- Problem: Sort through the data and copy the lines holding the word "pitch".

- Data provided:
=== Section Start ===

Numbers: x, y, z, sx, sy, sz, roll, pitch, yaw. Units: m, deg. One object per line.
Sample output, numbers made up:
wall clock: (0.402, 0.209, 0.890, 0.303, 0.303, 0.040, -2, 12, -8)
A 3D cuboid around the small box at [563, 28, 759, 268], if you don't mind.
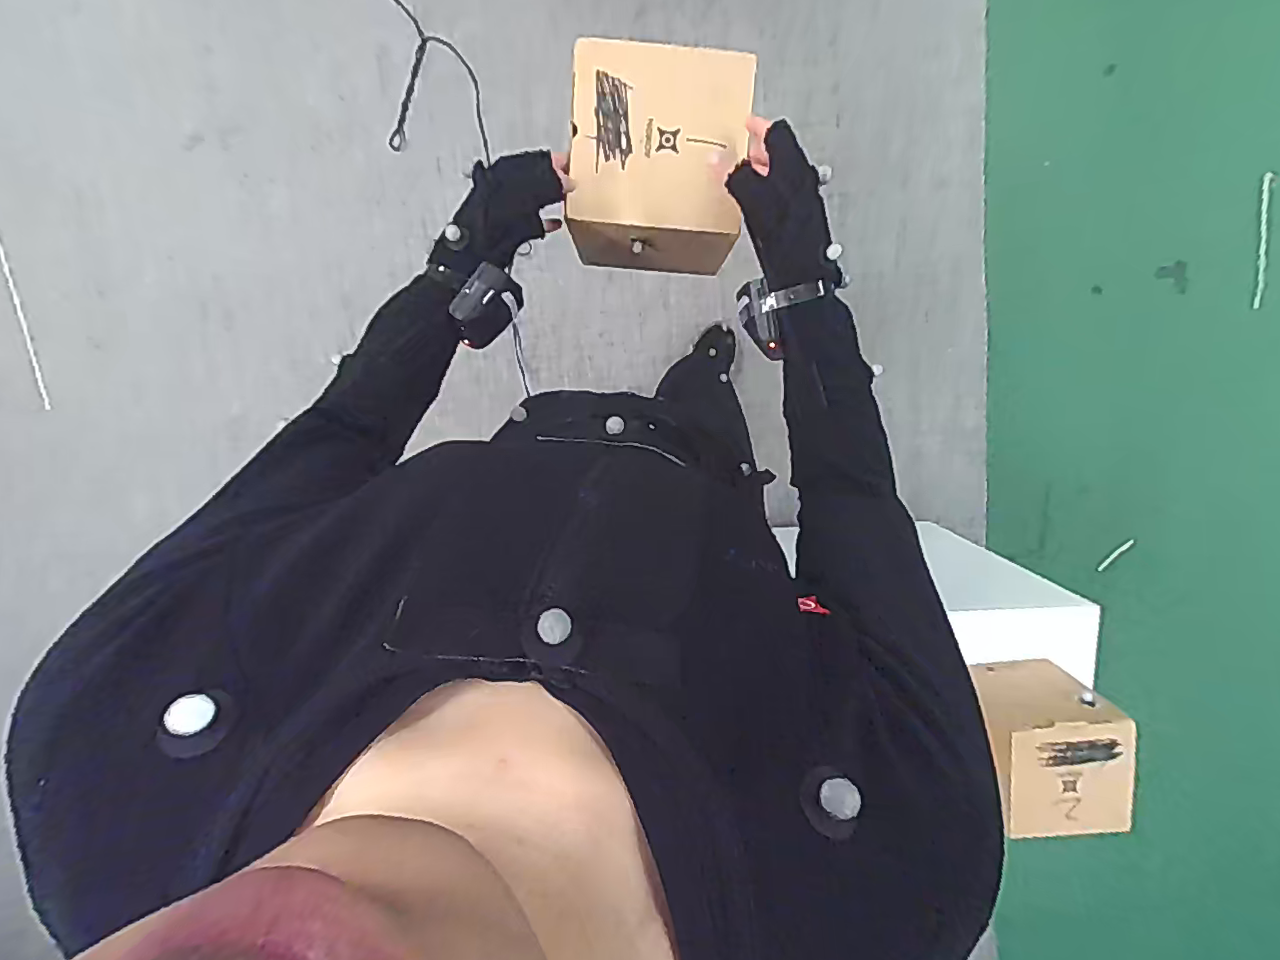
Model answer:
small box: (0.018, -0.345, 0.596, 0.179, 0.176, 0.168, 5, 97, -2)
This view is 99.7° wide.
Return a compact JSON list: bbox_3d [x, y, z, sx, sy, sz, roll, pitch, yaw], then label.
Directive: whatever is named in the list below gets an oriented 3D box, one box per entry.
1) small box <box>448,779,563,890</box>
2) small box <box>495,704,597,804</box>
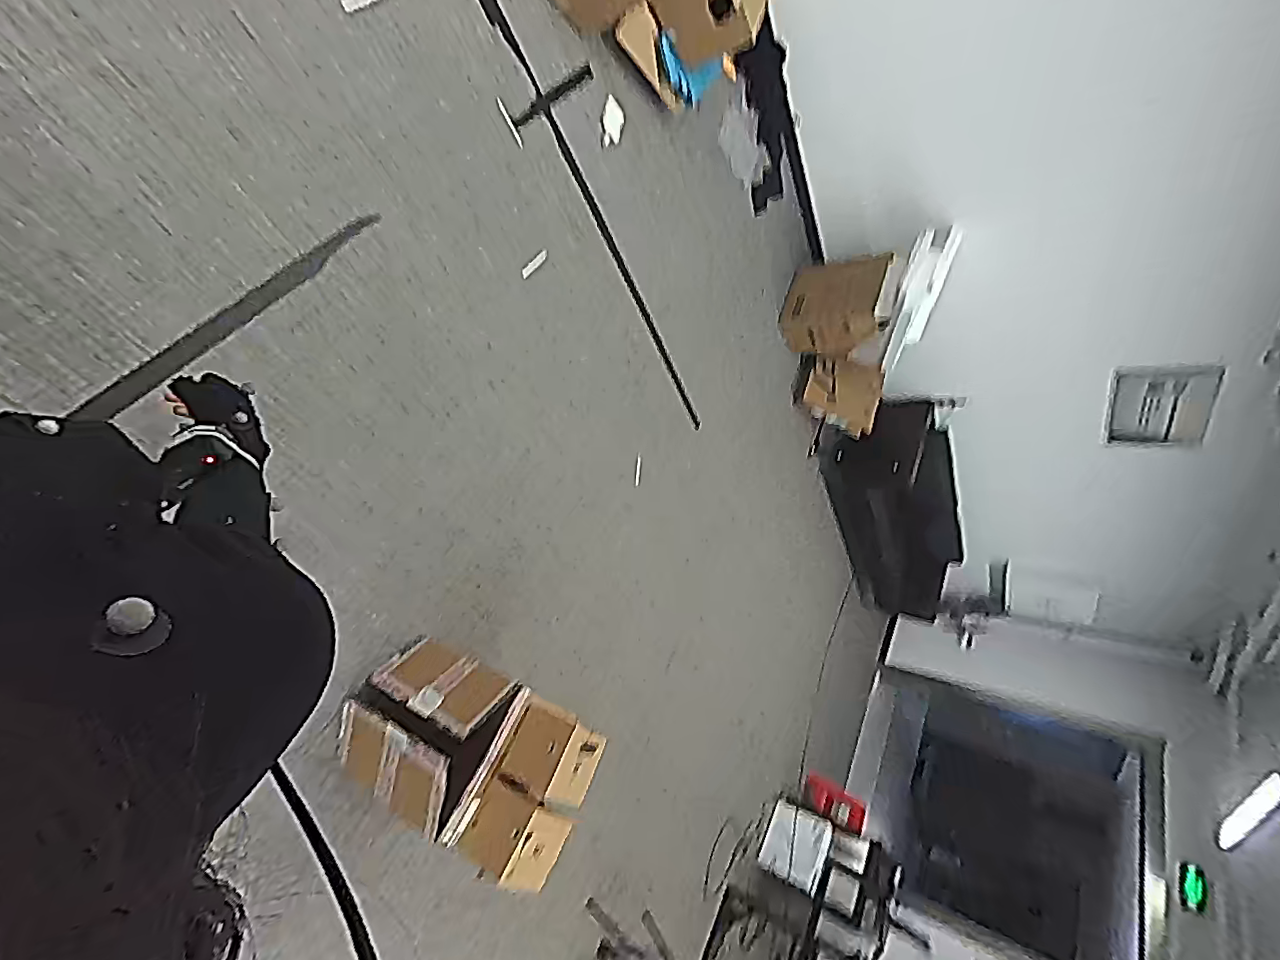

=== Section End ===

- Exercise result:
Numbers: x, y, z, sx, sy, sz, roll, pitch, yaw. Units: m, deg. One object per line.
Return a compact JSON list: bbox_3d [x, y, z, sx, sy, sz, roll, pitch, yaw], then label.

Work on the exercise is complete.